N: Your book Supergods is one of my favorite things you’ve ever written; I love those kinds of scholarly essays about superheroes and comics, and what they mean to our culture. This was easily one of the best I’ve ever read. Would you consider doing editorial content in the vein of Supergods in Heavy Metal?

GM: Oh, I really want to bring back the editorial content. I think one of the great periods in Heavy Metal was when you had people like William S. Burroughs and Douglas Adams interviewed, and there were music reviews and underground comics reviews as well, so I kind of think that’s an important part of the magazine as well, to have that kind of editorial content; it brings the readers in. Especially now, where we live in a world where the barrier between the creators and the readers has disintegrated. I kind of want that back and forward between the audience and the writer. I don’t think the magazine has really reflected that before.

N: Yeah, the internet has essentially taken the place of the old comic book and magazine letters column.

GM: Even more so, because the internet is almost directing what people want to see, because so many creators are seeing that and reading it, and going, “Well, they didn’t like that, but they loved this,” and we’re seeing the product change because of the demands of the audience. And I think that’s the way of the future, where people use it to speak up and say, “This is what I want.” I don’t neccesarily think that’s great for creative people, but ultimately it’s something interesting to play with.

N: One more thing I need to ask about is the status of Wonder Woman: Earth One for DC, which you are writing and Yanick Paquette is illustrating. She’s easily my favorite character, and I’m dying to see your interpretation of her. What’s the status of that graphic novel?

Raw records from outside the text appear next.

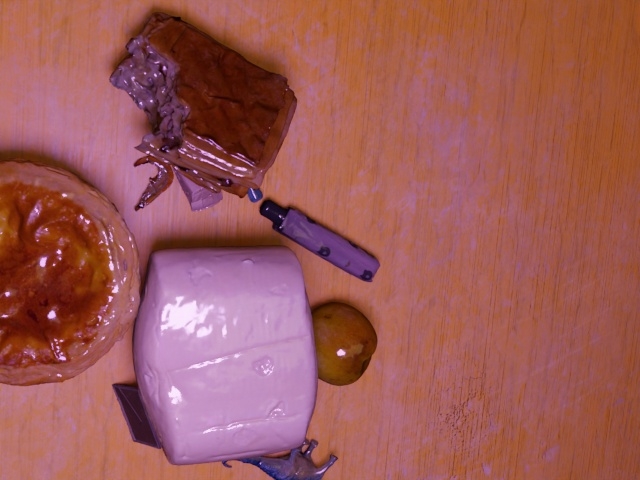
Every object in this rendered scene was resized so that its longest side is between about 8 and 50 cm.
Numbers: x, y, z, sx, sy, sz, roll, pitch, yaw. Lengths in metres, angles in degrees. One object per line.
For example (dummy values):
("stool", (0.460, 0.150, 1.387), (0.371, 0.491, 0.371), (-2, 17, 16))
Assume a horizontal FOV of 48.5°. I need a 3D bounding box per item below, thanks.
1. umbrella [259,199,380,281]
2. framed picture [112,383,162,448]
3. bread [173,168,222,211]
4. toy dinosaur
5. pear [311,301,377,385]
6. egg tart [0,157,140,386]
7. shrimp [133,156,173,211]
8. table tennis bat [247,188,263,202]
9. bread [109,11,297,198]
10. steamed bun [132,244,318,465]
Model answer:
("umbrella", (0.000, 0.000, 1.702), (0.337, 0.067, 0.073), (30, 72, -23))
("framed picture", (-0.406, 0.388, 1.574), (0.011, 0.109, 0.149), (-29, 109, -45))
("bread", (-0.286, -0.155, 1.590), (0.077, 0.105, 0.152), (-27, 75, -16))
("toy dinosaur", (-0.061, 0.561, 1.751), (0.362, 0.076, 0.147), (31, 92, -26))
("pear", (0.039, 0.248, 1.690), (0.199, 0.200, 0.200), (-3, 98, -21))
("egg tart", (-0.565, 0.064, 1.400), (0.442, 0.178, 0.444), (0, 94, -6))
("shrimp", (-0.380, -0.124, 1.555), (0.091, 0.025, 0.127), (36, 79, -22))
("table tennis bat", (-0.188, -0.179, 1.622), (0.124, 0.033, 0.201), (-30, 102, -15))
("bread", (-0.255, -0.263, 1.473), (0.369, 0.191, 0.314), (26, 59, -8))
("steamed bun", (-0.215, 0.233, 1.533), (0.370, 0.290, 0.457), (-3, 98, -17))

GM: It’s finished now and it’ll be coming out soon. I sat down and I thought, “I don’t want to do this warrior woman thing.” I can understand why they’re doing it, I get all that, but that’s not what [Wonder Woman creator] William Marston wanted, that’s not what he wanted at all! His original concept for Wonder Woman was an answer to comics that he thought were filled with images of blood-curdling masculinity, and you see the latest shots of Gal Gadot in the costume, and it’s all sword and shield and her snarling at the camera. Marston’s Diana was a doctor, a healer, a scientist. So I went back to those roots and just built it up again.

What would a society of immortal women that’s been around for 7,000 years have done? They wouldn’t still be chopping men’s head’s off; they’ve got art and architecture and philosophy and poetry and it’s got nothing to do with men. So Yanick Paquette did this amazing design job, where there are no phallic objects. The only phallic objects are like these Greek towers that are almost like this haunting echo of the culture they came from.

Wonder Woman’s Invisible Plane is now shaped like a vagina, it’s the most incredible thing. It opens up in the back and it has a little clitoris hood, everything is a female-based design. It’s all based on shells and natural stuff. He’s created this entire newly designed world for the Amazons. And for the first 48 pages, there are no men — it’s just women talking to each other. And then halfway through the book, we’re building up to this big fight, and then I thought, “No, I’m not.” This book isn’t about fights, there’s not going to be any fights. So we threw out the rules of traditional boy’s adventure fiction. It’s the most exciting book I’ve done in years, it changed everything I’m thinking about the future.

N: All of that is music to my ears. I respect [New 52 Wonder Woman writer] Brian Azzarello as a writer, but hate what he did to the Amazons. He turned Marston’s utopian society of women into people who murder the men they copulate with, then sell the male babies into slavery in trade for weapons. They’re essentially evil barbarians now, and I can’t imagine DC would have allowed the same character assassination to be done to Ma and Pa Kent or the Waynes.

GM: Yeah…I mean, you can do the Amazons as a bit strange and aloof, because they could defeat Man’s World if they felt like it, because their science is so advanced. But at the same time their culture is quite frozen, which is why Diana wants to get away and see what else is out there. But that’s how I see it. I think it’ll be quite controversial.